Thursday, June 27, 2013

'Private Dancer'



Going to be real honest, I’m sure Tina Turner has a pretty strong audience base. No doubt you don’t sell the number of records as she’s done without having wide appeal. 

This is a pretty so-so pop record full of cliché 1980s including an abnormal number of guitar solos. 

That said, Turner is one of the few female musical artists that embraces her sex appeal along with an extremely strong personality that’s probably done more for the perception of females than any other artist outside of Lita Ford. Joking.

'Hot Shots II' & 'Heroes to Zeroes'



I wonder how many records The Beta Band sold when John Cusack’s character in High Fidelity uttered the line, “I will now sell five copies of The Three E.P.'s by The Beta Band?” Sub-question: Has any one unknown artist gotten a bigger boost than they did from that movie?

Discuss.

Tuesday, June 25, 2013

'Deep End'



Interesting that I knew Jane Asher as Paul McCartney’s girlfriend, who sometimes acted until you actually see her in films like Deep End or Alfie. Few times in life do you know someone for such a miniscule facet of their life. I think Macca missed the boat here: Asher is probably 50 percent more beautiful now than in the 1960s (she was 17 when she started dating The Beatles bass guitar player). 

Also, Deep End co-stars Diana Dors. She actually has about a seven-minute presence in the film although she gets third billing on all the credits. Dors was labeled as England’s answer to Marilyn Monroe. Blonde and voluptuous, she was extremely beautiful and was achingly similar to Monroe from her body type to her actual face. Age did little for Dors (she portrays a rich, horndog bath-goer in Deep End), which makes you wonder what would’ve happened to Monroe given 25 years. 

Per the end of the film, I'm still not sure how she was killed by the light, why it required such a dramatic turn and why the kid wasn't so keen on helping. 

'Time Regained'



Time Regained – set around Marcel Proust’s deathbed – co-stars Chiara Mastroianni, who is the daughter of Catherine Deneuve (also in Time Regained) and Marcello Mastroianni, who had worked with Time Regained director Raúl Ruiz three years earlier in Three Lives and Only One Death. Regrettably, she looks just like her father. 

This photo should show you why it’s regrettable. Any excuse to feature a photo of Deneuve in the 1960s.

'The Ear'



Filmed in 1970, The Ear did not receive a major release until 1989 after Soviet-rule in the Czech Republic ended and certain avenues for artistic expression were laxed. 

The Ear is often compared to the Elizabeth Taylor-Richard Burton white-knuckle ride, Who’s Afraid of Virginia Woolf? Appropriately so considering both place unhappy couples in (often) stressful or terrifying situations (exacerbated by alcoholic females) that bring to the surface all of the pockmarks of their respective relationships as they teeter on out and out destruction.

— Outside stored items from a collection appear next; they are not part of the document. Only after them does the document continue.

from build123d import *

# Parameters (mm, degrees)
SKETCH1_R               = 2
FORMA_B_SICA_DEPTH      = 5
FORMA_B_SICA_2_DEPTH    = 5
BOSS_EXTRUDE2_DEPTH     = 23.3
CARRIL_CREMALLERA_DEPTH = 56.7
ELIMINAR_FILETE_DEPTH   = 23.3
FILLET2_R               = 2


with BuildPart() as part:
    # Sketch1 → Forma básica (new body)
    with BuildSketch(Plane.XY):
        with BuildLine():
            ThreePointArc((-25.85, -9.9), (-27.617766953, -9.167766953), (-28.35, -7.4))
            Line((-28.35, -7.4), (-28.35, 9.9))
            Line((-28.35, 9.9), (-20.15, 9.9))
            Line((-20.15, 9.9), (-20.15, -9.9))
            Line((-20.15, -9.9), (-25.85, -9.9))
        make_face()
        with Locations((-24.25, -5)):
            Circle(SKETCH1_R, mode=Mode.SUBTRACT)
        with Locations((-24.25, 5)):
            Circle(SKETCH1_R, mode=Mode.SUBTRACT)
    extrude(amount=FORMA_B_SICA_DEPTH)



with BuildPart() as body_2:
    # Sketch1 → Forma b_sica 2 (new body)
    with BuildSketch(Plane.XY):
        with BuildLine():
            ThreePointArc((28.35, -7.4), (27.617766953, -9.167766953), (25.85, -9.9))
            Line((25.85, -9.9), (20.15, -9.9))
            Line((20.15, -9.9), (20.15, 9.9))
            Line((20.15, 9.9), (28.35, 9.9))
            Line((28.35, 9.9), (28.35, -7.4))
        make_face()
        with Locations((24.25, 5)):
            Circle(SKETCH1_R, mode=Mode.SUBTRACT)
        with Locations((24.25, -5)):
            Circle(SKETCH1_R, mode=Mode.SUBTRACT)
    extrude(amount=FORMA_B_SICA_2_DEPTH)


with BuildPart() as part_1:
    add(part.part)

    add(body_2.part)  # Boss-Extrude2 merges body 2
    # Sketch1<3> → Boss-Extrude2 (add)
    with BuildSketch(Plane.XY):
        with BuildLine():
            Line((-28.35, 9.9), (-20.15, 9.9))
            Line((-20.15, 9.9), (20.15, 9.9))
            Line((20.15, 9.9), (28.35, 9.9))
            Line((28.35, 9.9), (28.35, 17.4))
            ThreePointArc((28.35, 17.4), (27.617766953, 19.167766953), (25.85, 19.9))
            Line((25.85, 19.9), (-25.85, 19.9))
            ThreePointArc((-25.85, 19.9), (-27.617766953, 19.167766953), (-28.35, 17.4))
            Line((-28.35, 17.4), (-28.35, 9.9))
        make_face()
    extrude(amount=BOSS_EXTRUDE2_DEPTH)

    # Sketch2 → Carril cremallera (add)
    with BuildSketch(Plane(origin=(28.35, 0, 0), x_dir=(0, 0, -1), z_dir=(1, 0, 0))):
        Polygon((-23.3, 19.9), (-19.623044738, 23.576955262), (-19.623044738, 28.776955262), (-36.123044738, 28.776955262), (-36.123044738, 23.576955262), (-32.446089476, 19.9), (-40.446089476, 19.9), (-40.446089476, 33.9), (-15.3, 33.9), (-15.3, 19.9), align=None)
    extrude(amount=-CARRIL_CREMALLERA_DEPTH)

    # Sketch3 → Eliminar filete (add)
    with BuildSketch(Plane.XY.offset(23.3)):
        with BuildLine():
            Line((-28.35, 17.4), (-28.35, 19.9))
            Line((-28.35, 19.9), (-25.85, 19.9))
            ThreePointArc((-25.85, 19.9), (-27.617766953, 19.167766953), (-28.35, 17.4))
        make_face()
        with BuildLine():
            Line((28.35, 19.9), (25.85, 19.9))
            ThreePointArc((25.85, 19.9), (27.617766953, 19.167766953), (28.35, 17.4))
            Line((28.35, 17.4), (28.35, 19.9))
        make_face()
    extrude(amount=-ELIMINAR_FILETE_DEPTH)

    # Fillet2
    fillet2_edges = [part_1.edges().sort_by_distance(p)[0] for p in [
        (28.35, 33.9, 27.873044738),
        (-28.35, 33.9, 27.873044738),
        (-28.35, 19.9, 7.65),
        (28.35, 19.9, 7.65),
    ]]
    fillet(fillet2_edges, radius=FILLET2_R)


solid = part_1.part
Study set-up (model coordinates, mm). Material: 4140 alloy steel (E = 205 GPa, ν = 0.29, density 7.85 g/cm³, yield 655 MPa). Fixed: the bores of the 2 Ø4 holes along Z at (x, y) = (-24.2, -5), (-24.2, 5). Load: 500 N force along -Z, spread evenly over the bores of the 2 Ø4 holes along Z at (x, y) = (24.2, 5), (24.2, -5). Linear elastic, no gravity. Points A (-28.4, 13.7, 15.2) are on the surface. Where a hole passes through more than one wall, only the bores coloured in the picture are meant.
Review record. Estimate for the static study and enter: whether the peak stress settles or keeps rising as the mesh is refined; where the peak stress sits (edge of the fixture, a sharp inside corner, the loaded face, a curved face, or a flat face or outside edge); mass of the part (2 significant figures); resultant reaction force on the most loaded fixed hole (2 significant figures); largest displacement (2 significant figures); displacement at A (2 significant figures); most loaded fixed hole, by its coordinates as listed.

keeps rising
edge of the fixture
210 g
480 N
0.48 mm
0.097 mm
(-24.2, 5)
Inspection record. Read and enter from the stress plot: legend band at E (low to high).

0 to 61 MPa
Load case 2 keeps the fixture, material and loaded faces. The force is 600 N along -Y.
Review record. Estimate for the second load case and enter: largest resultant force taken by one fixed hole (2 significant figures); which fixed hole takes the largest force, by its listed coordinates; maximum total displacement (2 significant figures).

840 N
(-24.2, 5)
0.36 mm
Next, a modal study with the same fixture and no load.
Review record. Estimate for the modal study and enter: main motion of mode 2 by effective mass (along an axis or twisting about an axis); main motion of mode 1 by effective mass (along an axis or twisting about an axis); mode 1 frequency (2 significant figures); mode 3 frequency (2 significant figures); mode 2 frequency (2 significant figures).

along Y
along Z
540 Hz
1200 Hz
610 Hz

The Ear follows a couple returning from a political/work party only to find that their house had been bugged by the Communists. The paranoia behind what’s been said and when drives the couple to lash out at each other only to sorta find each other again once on the brink of destruction and madness.

This is a tremendous film.

Tuesday, June 18, 2013

'Home Is Where The Music Is'



I took notice of Hugh Masekala recently while watching the documentary about the roots and production Paul Simon’s Graceland, Under African Skies. He toured in support of the album which was recorded in South Africa, where Simon used native musicians and singers despite the controversy of apparently condoning apartheid. 

He performed along with South African singer Miriam Makeba, who he married for two years in the mid-1960s. Aside from being a smooth jazz record, there are times when artists are significant beyond the sound of their horn or voice. Both Masekala and Makeba used the platform established by their talent to boldly represent other black South Afrikaners and oppose apartheid.

Although it’s different than what Dr. Martin Luther King Jr. or Nelson Mandela sacrificed in their own fights. Masekala and others – say, James Brown in the United States – also put up their careers as collateral. On certain levels, the fight for equality was Mandela and Dr. King’s jobs. Whereas Brown and Masekala could have stood on the sidelines and did jazz standards or songs about girls. Neither did and it’s a big reason their music exemplifies art’s impact on society.

Home Is Where the Music Is is a gentle smooth record released in 1972, 10 years since he'd been imprisoned on Robben Island, where he'd reside for another 10 years and 16 years before he'd be released for good. The album, I suspect, is nothing but a sort of declaration. And a salve for a scorned and angry people. Sometimes, you just don't have to yell to be heard.